=== MATERIAL FOR THIS TASK ===

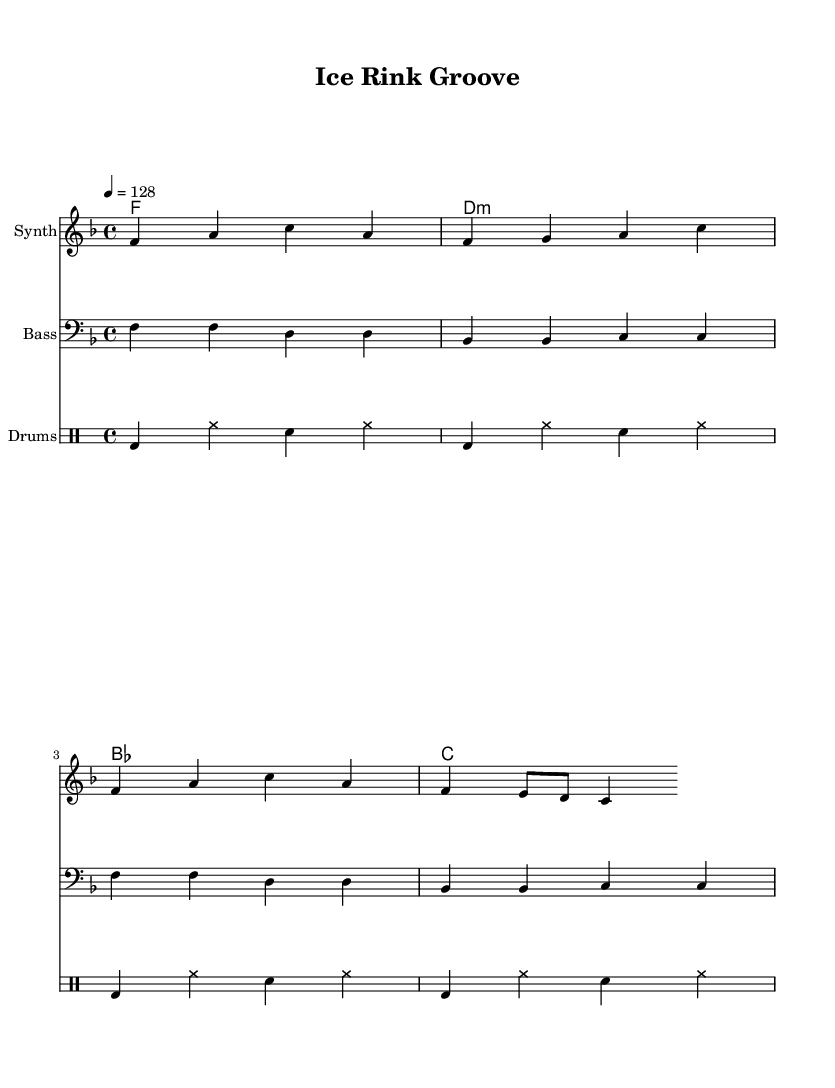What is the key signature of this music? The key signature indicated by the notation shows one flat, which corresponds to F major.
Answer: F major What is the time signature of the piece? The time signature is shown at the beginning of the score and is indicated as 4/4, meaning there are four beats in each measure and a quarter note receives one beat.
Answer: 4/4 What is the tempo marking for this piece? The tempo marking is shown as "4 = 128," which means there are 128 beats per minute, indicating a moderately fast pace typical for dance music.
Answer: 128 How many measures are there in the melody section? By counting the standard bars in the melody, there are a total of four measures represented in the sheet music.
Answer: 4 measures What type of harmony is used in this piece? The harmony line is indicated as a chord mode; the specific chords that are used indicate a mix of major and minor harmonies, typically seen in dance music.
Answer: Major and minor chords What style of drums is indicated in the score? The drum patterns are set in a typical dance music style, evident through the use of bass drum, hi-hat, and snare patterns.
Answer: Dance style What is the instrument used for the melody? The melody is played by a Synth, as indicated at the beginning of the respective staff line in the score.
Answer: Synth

===
=== MATERIAL FOR THIS TASK ===

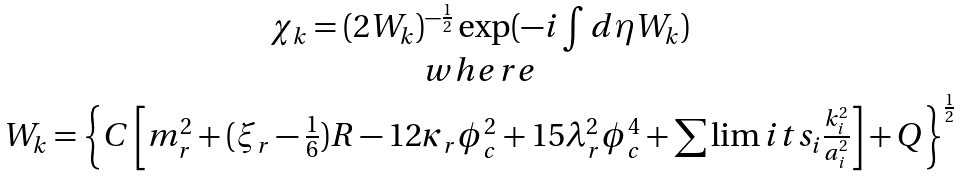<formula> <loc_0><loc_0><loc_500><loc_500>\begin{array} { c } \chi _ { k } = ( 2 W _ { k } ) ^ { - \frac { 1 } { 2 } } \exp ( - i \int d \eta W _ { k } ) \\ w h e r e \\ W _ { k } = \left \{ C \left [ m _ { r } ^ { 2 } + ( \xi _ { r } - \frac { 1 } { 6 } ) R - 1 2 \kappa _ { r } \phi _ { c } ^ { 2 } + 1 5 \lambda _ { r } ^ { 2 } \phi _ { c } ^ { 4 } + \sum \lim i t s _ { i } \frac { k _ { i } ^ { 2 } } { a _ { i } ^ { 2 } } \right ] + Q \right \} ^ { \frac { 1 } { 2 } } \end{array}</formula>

===
=== MATERIAL FOR THIS TASK ===

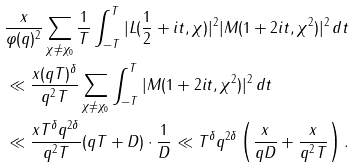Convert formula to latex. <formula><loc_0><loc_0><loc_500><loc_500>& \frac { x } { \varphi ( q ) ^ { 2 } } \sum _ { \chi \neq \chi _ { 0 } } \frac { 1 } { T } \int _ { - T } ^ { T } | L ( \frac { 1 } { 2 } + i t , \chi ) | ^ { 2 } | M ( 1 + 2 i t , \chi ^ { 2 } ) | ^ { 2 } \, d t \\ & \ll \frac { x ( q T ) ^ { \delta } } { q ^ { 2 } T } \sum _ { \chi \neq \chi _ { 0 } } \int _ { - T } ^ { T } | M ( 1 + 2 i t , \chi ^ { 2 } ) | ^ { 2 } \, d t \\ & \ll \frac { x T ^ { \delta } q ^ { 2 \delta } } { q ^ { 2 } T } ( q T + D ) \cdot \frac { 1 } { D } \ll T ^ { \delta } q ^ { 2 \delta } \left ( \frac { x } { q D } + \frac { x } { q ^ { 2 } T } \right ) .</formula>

===

INSTRUCTIONS FOR THE TASK:
Your task is to restate, word for word, only those lines above that fall between the line holding "Answer: 4 measures" and the line holding "Answer: Synth", inclusive.

RESULT:
Answer: 4 measures What type of harmony is used in this piece? The harmony line is indicated as a chord mode; the specific chords that are used indicate a mix of major and minor harmonies, typically seen in dance music.
Answer: Major and minor chords What style of drums is indicated in the score? The drum patterns are set in a typical dance music style, evident through the use of bass drum, hi-hat, and snare patterns.
Answer: Dance style What is the instrument used for the melody? The melody is played by a Synth, as indicated at the beginning of the respective staff line in the score.
Answer: Synth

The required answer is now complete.